On April 28, Novartis’s marketing application for “Siponimod Tablets” (JXHS1900028/9) submitted in China entered the administrative approval stage, with expected approval in the near term.

Siponimod (brand name: Mayzent) was approved by the FDA on March 26, 2019, for the treatment of adult patients with relapsing forms of multiple sclerosis, including active secondary progressive multiple sclerosis (SPMS), relapsing-remitting multiple sclerosis (RRMS), and clinically isolated syndrome (CIS). It is the first oral medication approved by the FDA for the treatment of SPMS.
Results from the Phase III EXPAND study demonstrated that Mayzent significantly reduced the risk of 6-month confirmed disability progression (CDP) by 21% compared with placebo in patients with SPMS; among patients who had experienced relapse activity within two years prior to screening, Mayzent reduced the risk of CDP by 33% compared with placebo. Furthermore, Mayzent significantly reduced the risk of 6-month CDP by 26% and the annualized relapse rate (ARR) by 55% compared with placebo.
Furthermore, the EXPAND study demonstrated that Mayzent offers significant advantages in other relevant indicators of MS disease activity, including cognition, MRI disease activity, and brain volume loss (brain atrophy). In terms of safety, the most common adverse reactions (incidence >10%) included headache, hypertension, and elevated transaminases.

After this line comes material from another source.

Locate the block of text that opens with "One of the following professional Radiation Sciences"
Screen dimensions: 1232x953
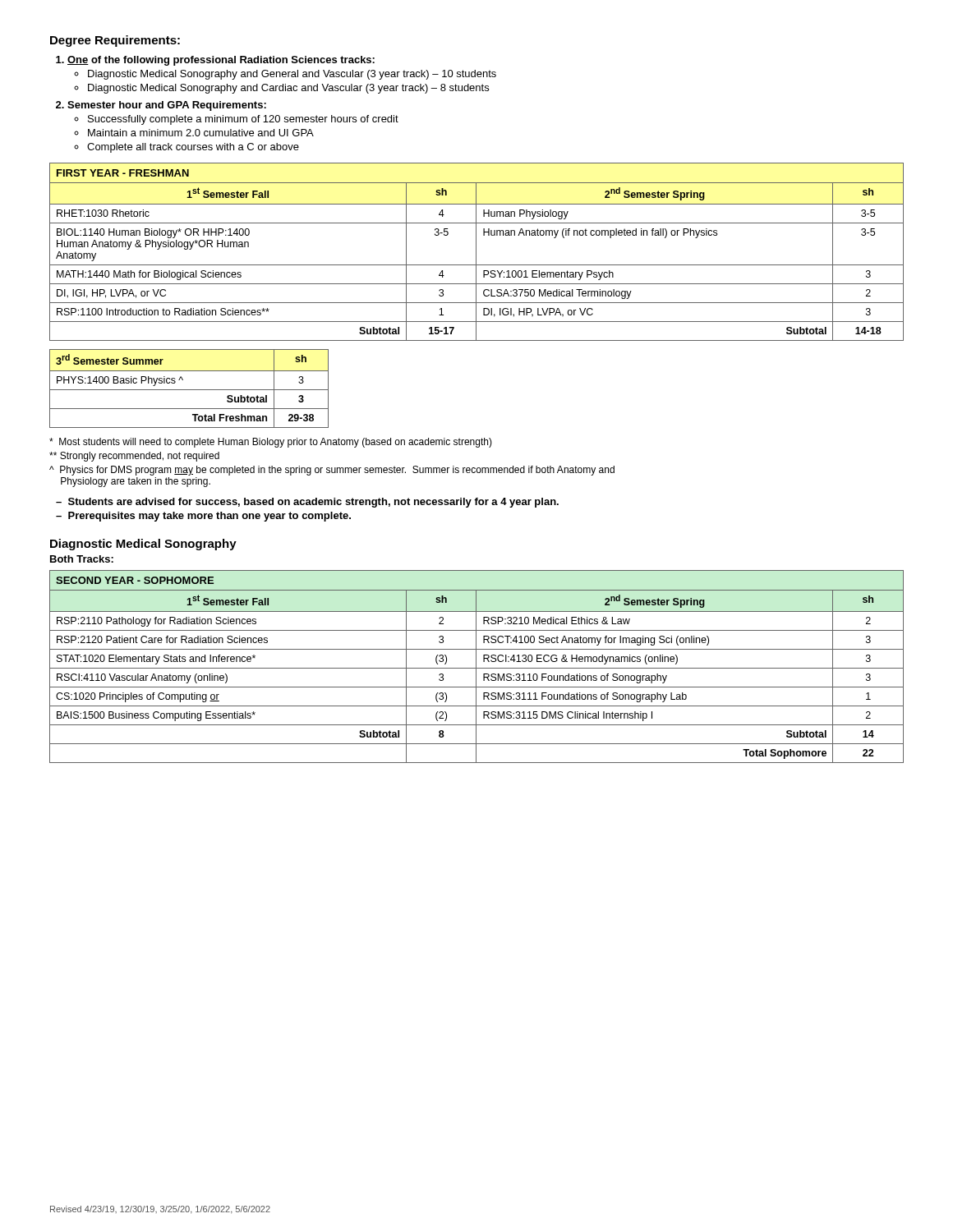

Multiple sclerosis (MS) is a chronic disease caused by an abnormal immune response in which the body’s immune system attacks the myelin sheaths of nerve cells in the brain, spinal cord, and optic nerves. It manifests as muscle weakness, fatigue, and visual disturbances, ultimately leading to disability. There are approximately 2.3 million people with MS worldwide. Of these, 85% are diagnosed with relapsing-remitting multiple sclerosis (RRMS) at initial diagnosis, while 15% have primary progressive multiple sclerosis (PPMS). Patients with RRMS experience periodic relapses and remissions; as the disease progresses, it often evolves into secondary progressive multiple sclerosis (SPMS). In contrast, patients with PPMS exhibit continuous worsening of symptoms without distinct periods of remission.
Siponimod is a next-generation sphingosine-1-phosphate receptor (S1PR) modulator developed by Novartis, which selectively binds to S1P1 and S1P5 receptors. Upon binding to the S1P1 receptor, it prevents lymphocytes from egressing lymph nodes and entering the central nervous system (CNS), thereby exerting anti-inflammatory effects. Furthermore, siponimod can penetrate the CNS and directly bind to S1P5 and S1P1 receptors on oligodendrocytes and astrocytes, promoting remyelination and preventing inflammation.
In September 2010, Novartis launched Gilenya (fingolimod), the world’s first sphingosine-1-phosphate receptor (S1PR) modulator for the treatment of multiple sclerosis (MS). It was also the first oral therapy capable of reducing the frequency of relapses in MS patients and quickly became a blockbuster drug after its market entry. In 2019, Gilenya generated $3.223 billion in sales revenue. As the patent cliff approached, Novartis secured approval for its next-generation S1PR modulator, Mayzent, thereby maintaining its leading position in this therapeutic area. Additionally, Bristol Myers Squibb’s Zeposia (ozanimod) received FDA approval on March 27, 2020, becoming the third S1PR modulator approved globally and directly challenging Novartis’ market dominance.